The UK published 7 responses to the Microsoft-Activision Xbox deal — only one company opposes

Xbox Activision Blizzard
(Image credit: Microsoft)

What you need to know

  • The UK regulatory body known as the CMA has thus far not been very positive towards Microsoft's $69 billion dollar Activision merger. 
  • The deal would see Microsoft gain control of franchises like Warcraft, Call of Duty, and Candy Crush. 
  • In a new release, the CMA published 9 responses to the current process, including Activision and Microsoft. 7 of these responses were from third-parties. 
  • Of the 7 responses, only PlayStation was opposed to the deal. 

The drama around the Activision-Blizzard deal continues, with UK regulators, the CMA, publishing a raft of responses to its questions over the deal. 

Microsoft is embroiled in a bitter battle to get its $69 billion dollar Activision-Blizzard acquisition through. Regulators worldwide have been approving the deal one by one, with notable outliers in the UK and the United States. As we approach various decision-making deadlines, it ultimately falls to the UK CMA, the European Union, and the United States FTC to decide whether or not the deal will go ahead. As you might guess, the primary detractor against the deal has been Sony PlayStation. Sony seeks to preserve the status quo of the $70 retail games while undermining the possibility that Xbox Game Pass or even its own PS+ could become a primary way gamers acquire access to titles. 

Still, Sony and Microsoft aren't the only players in the industry by a long shot. To that end, the UK CMA has been reaching out (via @EverbornSaga) to publishers and studios across the industry to get their responses to the deal ahead of its final decision. It seems that of all studios asked, almost all of them approve the deal outright. The only detractor is, you guessed it, Sony. 

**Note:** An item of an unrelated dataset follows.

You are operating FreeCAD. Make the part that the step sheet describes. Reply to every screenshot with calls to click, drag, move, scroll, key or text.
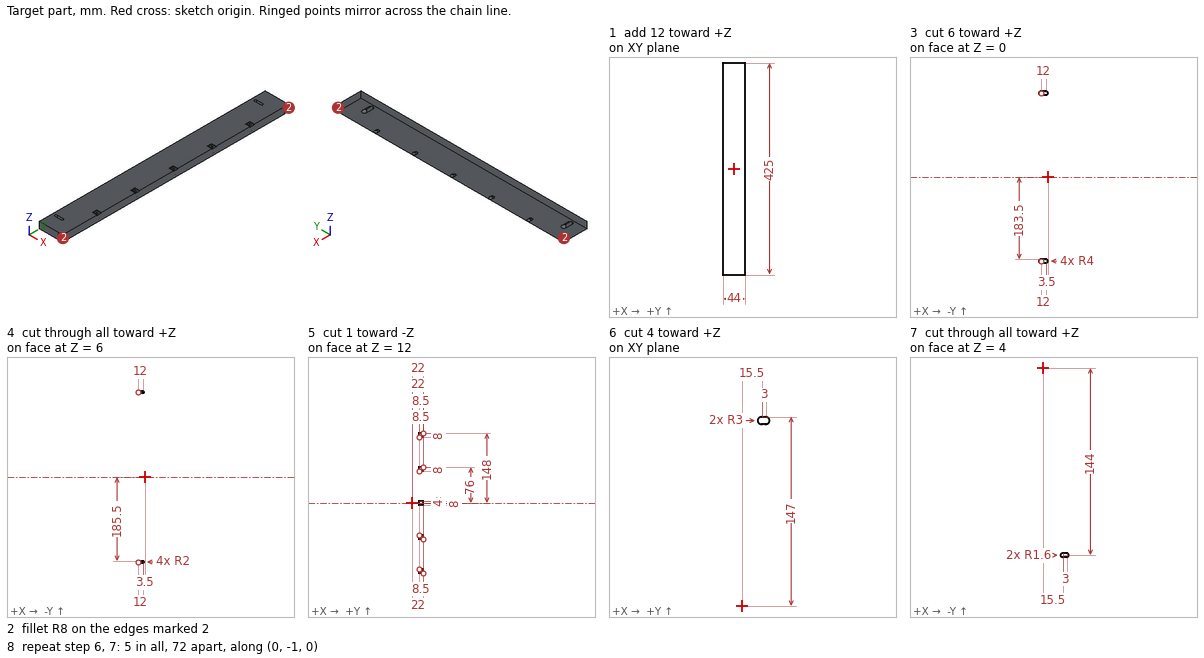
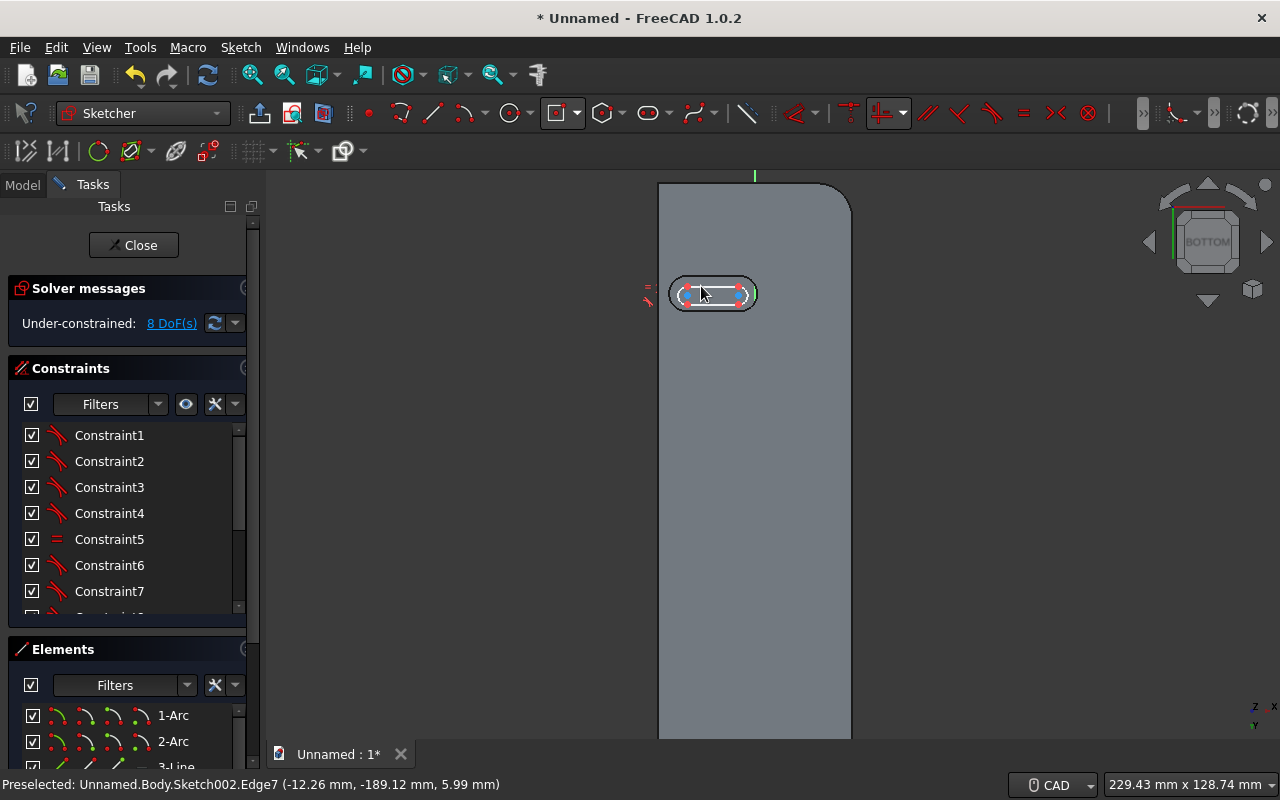
scroll(701, 286, down, 8)

One anonymous publisher stated, "the acquisition will not all of a sudden make Xbox the dominant platform. It's far more likely that it may help to create a level playing field between Xbox and PlayStation which, at this point in time, is sorely needed." Another noted the threat from China and Tencent, which wields an unfair advantage in the gaming industry by preventing Western companies from doing business freely in China, while taking advantage of the more open UK market. "Chinese publishers in our industry benefit from an unfair advantage due to the fact the Chinese market is closed to Western companies through various regulations. [...] Letting Microsoft and Activision consolidate their business in light of this fast-growing competition would not be against the interest of UK consumers." 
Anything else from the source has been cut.